Friday, May 14, 2010

I Got The Music In Me

I considered writing another political post, but since Tim and I have both gotten in trouble this week for our political views, I decided to go into the weekend gently and touch on something a bit less controversial.

Music

I grew up an only child and spend a great deal of time alone on days I couldn't convince the neighborhood boys to play baseball with me. Sometimes I wrote poems and stories, sometimes I played Monopoly alone, (I know, mega-pathetic) but mostly, I listened to music.

I had a radio and a stereo and piles of records. My Dad’s friend owned a local bar and when they changed out the records in their jukebox, he gave my dad the old 45’s for me. I bought new records with any money I got my hands on, and taped things off the radio.

This was a tricky process, because if I was waiting all day for some groovy song like Terry Jacks “Seasons in the Sun” to finally play, as soon as it would come on, my Mom would invariably yell something into my room like “Get your bike out of the driveway, it’s time for your Dad!” and every time I listened to my tape of Seasons in the Sun I would silently curse my mother for her bad timing.

I listened to Casey Casem’s Top 40, and watched American Bandstand every week. Sometimes I stuck around for Soul Train, too. I wrote down the names of all the songs, singers and any random trivia they had to impart. I got records and played them over and over again and wrote down the lyrics. Once I learned the words, I sang them into my hairbrush in the mirror and fancied myself a rock star in the making.
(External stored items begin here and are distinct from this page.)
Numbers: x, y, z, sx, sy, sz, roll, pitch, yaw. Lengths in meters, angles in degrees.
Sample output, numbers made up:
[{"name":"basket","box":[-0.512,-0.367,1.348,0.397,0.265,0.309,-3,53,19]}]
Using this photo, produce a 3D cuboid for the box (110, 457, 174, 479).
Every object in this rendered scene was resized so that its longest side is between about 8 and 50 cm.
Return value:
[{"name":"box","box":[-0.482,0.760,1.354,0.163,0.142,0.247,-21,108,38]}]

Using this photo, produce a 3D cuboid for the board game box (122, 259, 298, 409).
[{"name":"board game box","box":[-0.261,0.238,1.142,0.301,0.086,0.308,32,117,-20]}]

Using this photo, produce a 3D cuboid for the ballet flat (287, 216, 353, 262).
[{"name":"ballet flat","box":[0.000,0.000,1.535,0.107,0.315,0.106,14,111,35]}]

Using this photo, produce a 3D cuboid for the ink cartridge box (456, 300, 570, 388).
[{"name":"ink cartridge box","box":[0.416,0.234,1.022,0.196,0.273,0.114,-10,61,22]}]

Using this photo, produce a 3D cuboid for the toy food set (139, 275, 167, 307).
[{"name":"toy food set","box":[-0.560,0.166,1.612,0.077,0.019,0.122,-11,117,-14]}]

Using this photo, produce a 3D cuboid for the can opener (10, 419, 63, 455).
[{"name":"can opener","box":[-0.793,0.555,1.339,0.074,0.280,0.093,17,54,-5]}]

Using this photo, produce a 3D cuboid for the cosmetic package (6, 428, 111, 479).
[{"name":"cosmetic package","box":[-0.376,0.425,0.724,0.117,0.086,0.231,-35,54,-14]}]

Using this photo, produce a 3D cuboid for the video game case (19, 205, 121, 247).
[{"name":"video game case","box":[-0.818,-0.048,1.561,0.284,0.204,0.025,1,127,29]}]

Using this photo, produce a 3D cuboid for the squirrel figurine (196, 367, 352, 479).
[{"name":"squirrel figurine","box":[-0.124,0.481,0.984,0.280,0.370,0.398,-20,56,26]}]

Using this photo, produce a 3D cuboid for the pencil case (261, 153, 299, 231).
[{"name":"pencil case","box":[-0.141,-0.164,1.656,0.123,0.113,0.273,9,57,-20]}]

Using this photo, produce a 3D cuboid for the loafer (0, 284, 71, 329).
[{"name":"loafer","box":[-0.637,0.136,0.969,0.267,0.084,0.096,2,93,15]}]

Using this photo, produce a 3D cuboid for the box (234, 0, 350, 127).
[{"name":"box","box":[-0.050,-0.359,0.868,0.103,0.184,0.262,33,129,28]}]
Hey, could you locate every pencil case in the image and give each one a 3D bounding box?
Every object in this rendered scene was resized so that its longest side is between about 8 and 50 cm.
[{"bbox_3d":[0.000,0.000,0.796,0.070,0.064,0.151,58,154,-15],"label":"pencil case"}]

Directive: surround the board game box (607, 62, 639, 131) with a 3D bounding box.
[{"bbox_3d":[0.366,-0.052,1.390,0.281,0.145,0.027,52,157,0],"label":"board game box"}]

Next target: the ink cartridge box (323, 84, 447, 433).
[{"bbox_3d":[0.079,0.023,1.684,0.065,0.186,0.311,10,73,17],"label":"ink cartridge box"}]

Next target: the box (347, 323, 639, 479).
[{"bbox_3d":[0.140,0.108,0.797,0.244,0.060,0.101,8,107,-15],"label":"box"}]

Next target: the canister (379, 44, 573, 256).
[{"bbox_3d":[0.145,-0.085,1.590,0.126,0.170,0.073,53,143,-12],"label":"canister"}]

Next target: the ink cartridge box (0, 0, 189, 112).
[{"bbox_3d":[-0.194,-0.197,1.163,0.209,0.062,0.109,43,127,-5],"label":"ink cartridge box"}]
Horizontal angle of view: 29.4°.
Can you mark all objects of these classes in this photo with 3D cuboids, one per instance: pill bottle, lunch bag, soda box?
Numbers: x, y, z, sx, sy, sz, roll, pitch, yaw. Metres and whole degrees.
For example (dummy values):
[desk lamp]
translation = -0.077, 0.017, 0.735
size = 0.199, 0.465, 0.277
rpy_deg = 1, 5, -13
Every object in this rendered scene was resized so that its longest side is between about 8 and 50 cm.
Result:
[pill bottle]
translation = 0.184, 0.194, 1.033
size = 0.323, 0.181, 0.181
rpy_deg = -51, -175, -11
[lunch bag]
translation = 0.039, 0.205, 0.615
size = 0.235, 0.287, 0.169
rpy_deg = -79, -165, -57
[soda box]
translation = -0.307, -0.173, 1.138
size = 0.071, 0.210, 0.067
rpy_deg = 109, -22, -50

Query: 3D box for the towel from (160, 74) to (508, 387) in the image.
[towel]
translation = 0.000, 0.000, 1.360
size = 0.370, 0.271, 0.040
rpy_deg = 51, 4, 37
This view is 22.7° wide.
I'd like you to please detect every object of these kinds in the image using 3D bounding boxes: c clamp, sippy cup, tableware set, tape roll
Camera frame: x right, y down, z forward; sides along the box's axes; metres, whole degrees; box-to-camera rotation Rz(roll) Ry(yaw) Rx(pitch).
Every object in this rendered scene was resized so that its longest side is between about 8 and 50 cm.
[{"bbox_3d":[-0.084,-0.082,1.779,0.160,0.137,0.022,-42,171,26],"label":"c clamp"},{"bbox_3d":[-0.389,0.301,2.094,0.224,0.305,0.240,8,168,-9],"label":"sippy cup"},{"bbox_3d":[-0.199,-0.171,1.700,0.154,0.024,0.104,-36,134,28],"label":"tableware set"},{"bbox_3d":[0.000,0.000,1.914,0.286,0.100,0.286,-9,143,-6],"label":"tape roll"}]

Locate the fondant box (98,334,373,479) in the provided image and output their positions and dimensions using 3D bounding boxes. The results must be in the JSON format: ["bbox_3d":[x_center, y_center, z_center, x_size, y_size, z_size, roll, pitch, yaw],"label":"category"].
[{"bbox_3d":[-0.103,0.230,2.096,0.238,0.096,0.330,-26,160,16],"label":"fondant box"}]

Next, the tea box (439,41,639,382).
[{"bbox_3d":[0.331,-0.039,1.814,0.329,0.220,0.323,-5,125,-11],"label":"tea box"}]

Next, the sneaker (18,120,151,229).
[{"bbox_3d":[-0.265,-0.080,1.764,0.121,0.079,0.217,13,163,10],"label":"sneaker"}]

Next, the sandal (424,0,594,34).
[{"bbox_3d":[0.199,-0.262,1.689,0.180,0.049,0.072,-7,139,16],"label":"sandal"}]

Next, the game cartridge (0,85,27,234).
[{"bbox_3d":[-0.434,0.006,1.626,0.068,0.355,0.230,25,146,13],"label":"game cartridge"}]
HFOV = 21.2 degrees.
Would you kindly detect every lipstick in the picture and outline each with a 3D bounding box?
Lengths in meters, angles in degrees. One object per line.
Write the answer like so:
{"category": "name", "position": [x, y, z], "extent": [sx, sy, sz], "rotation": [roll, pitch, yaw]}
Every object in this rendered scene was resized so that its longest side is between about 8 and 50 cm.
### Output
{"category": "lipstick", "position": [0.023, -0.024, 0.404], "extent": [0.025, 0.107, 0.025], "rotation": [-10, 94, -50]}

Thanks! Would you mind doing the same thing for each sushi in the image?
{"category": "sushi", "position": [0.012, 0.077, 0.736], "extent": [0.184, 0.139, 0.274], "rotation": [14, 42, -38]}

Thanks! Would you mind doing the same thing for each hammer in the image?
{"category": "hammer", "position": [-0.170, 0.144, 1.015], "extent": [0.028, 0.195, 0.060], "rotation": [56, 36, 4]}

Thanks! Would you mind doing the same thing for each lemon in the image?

When I was lonely, music was my friend.

On one stellar week, I conned some boys to come in and play Partridge Family with me. I made them sing the Partridge Family's "I Woke Up In Love This Morning" into the mirror on my pink vanity table. I even tried to create some cheesy choreography. There was an actual tambourine involved. As you can imagine, this didn’t go over very well with the boys. I had to catch frogs in Meadowbrook Lake with them for three days straight to win back my street cred.

But I digress.

I have immersed myself in music my entire life.

I listen to it, I sing it, I write it, I pimp it, and I breathe it. There is no gift anyone can give me that is as precious to me as a new song I haven’t heard that moves my soul. At our age, days can become quite routine, we get up, we go to work, we drive home in annoying traffic – and sometimes like a gift from God himself as we flip the radio dial something wonderful spills out into the air and inspires us, takes our breath away, and makes our heart feel alive again.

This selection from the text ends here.